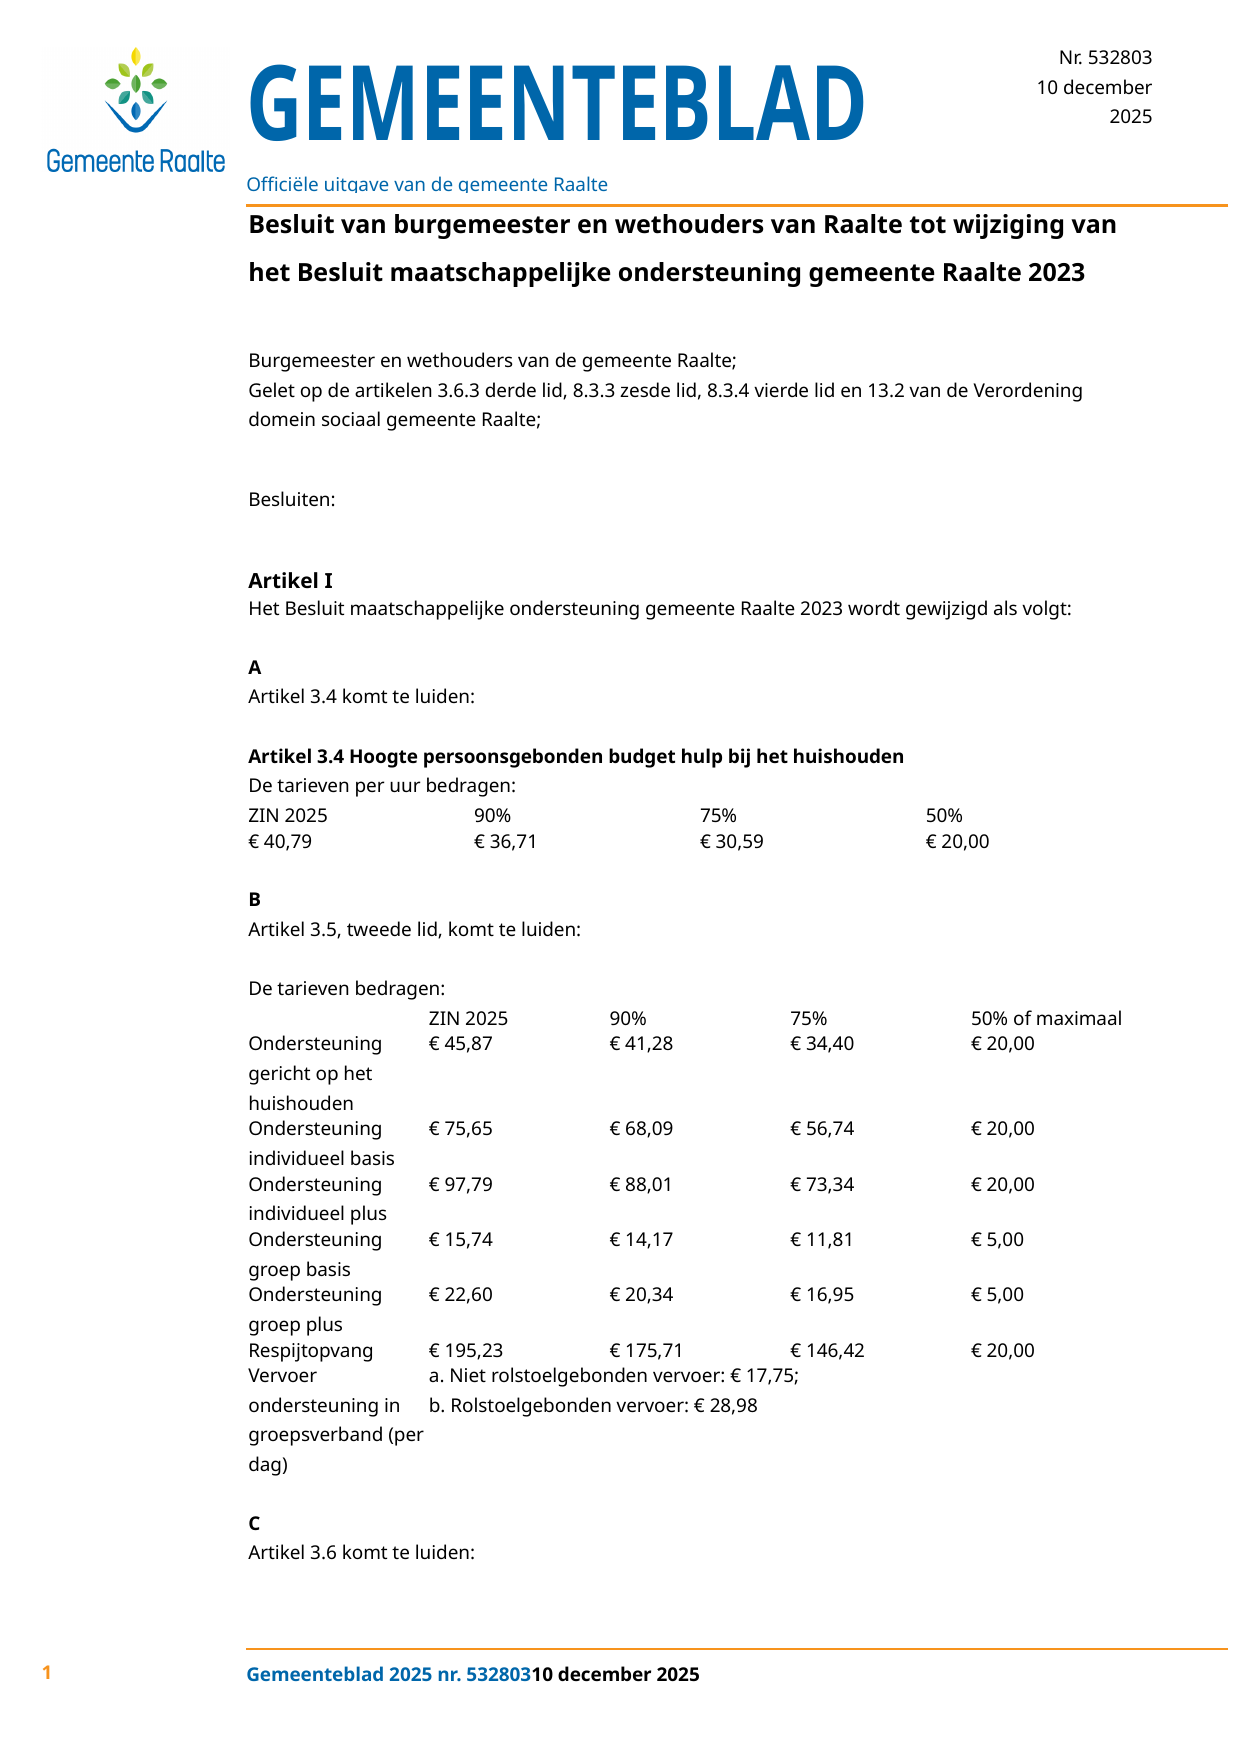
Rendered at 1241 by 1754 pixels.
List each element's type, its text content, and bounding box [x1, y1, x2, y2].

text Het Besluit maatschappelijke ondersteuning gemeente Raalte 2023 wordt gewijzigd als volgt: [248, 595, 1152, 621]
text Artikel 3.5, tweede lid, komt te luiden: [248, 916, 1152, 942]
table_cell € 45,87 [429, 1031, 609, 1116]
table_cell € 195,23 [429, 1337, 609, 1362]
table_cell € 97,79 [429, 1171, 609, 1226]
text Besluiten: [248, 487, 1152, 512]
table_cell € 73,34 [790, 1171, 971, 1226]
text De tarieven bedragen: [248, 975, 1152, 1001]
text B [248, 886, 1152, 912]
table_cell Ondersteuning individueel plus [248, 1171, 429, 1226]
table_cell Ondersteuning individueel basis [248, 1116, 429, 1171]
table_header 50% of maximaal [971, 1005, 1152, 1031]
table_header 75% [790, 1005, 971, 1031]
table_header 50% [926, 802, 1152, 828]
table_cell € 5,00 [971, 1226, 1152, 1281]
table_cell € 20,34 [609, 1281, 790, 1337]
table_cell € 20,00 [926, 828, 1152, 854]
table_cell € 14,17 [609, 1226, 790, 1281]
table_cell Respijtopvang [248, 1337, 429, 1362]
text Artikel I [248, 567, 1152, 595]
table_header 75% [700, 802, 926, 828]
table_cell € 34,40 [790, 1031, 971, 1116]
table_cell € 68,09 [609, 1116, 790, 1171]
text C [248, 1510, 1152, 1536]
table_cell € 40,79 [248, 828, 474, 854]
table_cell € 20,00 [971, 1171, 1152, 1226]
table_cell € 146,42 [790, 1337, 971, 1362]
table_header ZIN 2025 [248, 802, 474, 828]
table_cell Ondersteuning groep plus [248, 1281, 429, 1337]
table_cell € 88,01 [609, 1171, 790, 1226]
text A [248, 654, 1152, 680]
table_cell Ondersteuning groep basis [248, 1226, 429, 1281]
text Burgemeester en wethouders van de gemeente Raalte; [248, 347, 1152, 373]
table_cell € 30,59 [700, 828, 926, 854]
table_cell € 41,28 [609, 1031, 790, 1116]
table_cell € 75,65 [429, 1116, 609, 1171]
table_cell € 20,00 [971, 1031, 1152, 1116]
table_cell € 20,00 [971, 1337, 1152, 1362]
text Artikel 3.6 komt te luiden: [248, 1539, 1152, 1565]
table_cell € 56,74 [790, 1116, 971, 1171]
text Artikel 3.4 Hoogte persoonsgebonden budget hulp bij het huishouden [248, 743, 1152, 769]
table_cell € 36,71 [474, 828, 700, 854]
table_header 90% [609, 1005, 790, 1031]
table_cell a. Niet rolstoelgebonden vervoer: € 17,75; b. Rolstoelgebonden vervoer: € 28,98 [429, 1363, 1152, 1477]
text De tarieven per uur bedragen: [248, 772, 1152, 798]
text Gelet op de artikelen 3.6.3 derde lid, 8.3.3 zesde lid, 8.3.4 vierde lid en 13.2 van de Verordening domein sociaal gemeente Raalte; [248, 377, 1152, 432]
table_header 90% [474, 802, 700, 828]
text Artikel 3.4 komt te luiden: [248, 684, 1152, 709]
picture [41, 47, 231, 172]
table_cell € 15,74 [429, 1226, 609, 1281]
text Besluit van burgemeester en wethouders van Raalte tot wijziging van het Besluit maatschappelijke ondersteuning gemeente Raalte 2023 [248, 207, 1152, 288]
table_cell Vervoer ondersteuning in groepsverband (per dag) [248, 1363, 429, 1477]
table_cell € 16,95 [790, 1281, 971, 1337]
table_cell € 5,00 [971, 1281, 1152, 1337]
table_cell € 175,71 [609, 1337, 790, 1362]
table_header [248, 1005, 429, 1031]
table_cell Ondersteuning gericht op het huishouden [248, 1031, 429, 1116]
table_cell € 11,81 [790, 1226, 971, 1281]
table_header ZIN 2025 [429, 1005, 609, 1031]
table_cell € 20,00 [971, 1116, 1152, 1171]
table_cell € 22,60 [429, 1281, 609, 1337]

+ + + + +

- [WHAT IS REQUIRED]
Retype the records verbatim, but not their images.

- [ANSWER SPACE]
Rendered at 1241 by 1754 pixels.
List each element's type, its text content, and bounding box [x1, y1, x2, y2].

text Het Besluit maatschappelijke ondersteuning gemeente Raalte 2023 wordt gewijzigd als volgt: [248, 595, 1152, 621]
text Artikel 3.5, tweede lid, komt te luiden: [248, 916, 1152, 942]
table_cell € 45,87 [429, 1031, 609, 1116]
table_cell € 195,23 [429, 1337, 609, 1362]
table_cell € 97,79 [429, 1171, 609, 1226]
text Besluiten: [248, 487, 1152, 512]
table_cell € 73,34 [790, 1171, 971, 1226]
text De tarieven bedragen: [248, 975, 1152, 1001]
text B [248, 886, 1152, 912]
table_cell Ondersteuning individueel plus [248, 1171, 429, 1226]
table_cell Ondersteuning individueel basis [248, 1116, 429, 1171]
table_header 50% of maximaal [971, 1005, 1152, 1031]
table_header 75% [790, 1005, 971, 1031]
table_header 50% [926, 802, 1152, 828]
table_cell € 5,00 [971, 1226, 1152, 1281]
table_cell € 20,34 [609, 1281, 790, 1337]
table_cell € 20,00 [926, 828, 1152, 854]
table_cell € 14,17 [609, 1226, 790, 1281]
table_cell Respijtopvang [248, 1337, 429, 1362]
text Artikel I [248, 567, 1152, 595]
table_header 75% [700, 802, 926, 828]
table_cell € 34,40 [790, 1031, 971, 1116]
table_cell € 68,09 [609, 1116, 790, 1171]
text C [248, 1510, 1152, 1536]
table_cell € 40,79 [248, 828, 474, 854]
table_cell € 20,00 [971, 1171, 1152, 1226]
table_cell € 146,42 [790, 1337, 971, 1362]
table_header ZIN 2025 [248, 802, 474, 828]
table_cell Ondersteuning groep plus [248, 1281, 429, 1337]
table_cell € 88,01 [609, 1171, 790, 1226]
text A [248, 654, 1152, 680]
table_cell Ondersteuning groep basis [248, 1226, 429, 1281]
text Burgemeester en wethouders van de gemeente Raalte; [248, 347, 1152, 373]
table_cell € 30,59 [700, 828, 926, 854]
table_cell € 41,28 [609, 1031, 790, 1116]
table_cell € 75,65 [429, 1116, 609, 1171]
table_cell € 20,00 [971, 1031, 1152, 1116]
table_cell € 20,00 [971, 1337, 1152, 1362]
text Artikel 3.6 komt te luiden: [248, 1539, 1152, 1565]
table_cell € 56,74 [790, 1116, 971, 1171]
text Artikel 3.4 Hoogte persoonsgebonden budget hulp bij het huishouden [248, 743, 1152, 769]
table_cell € 36,71 [474, 828, 700, 854]
table_header 90% [609, 1005, 790, 1031]
table_cell a. Niet rolstoelgebonden vervoer: € 17,75; b. Rolstoelgebonden vervoer: € 28,98 [429, 1363, 1152, 1477]
text De tarieven per uur bedragen: [248, 772, 1152, 798]
text Gelet op de artikelen 3.6.3 derde lid, 8.3.3 zesde lid, 8.3.4 vierde lid en 13.2 van de Verordening domein sociaal gemeente Raalte; [248, 377, 1152, 432]
table_header 90% [474, 802, 700, 828]
text Artikel 3.4 komt te luiden: [248, 684, 1152, 709]
picture [41, 47, 231, 172]
table_cell € 15,74 [429, 1226, 609, 1281]
text Besluit van burgemeester en wethouders van Raalte tot wijziging van het Besluit maatschappelijke ondersteuning gemeente Raalte 2023 [248, 207, 1152, 288]
table_cell Vervoer ondersteuning in groepsverband (per dag) [248, 1363, 429, 1477]
table_cell € 16,95 [790, 1281, 971, 1337]
table_cell € 5,00 [971, 1281, 1152, 1337]
table_cell € 175,71 [609, 1337, 790, 1362]
table_header [248, 1005, 429, 1031]
table_cell Ondersteuning gericht op het huishouden [248, 1031, 429, 1116]
table_cell € 11,81 [790, 1226, 971, 1281]
table_header ZIN 2025 [429, 1005, 609, 1031]
table_cell € 20,00 [971, 1116, 1152, 1171]
table_cell € 22,60 [429, 1281, 609, 1337]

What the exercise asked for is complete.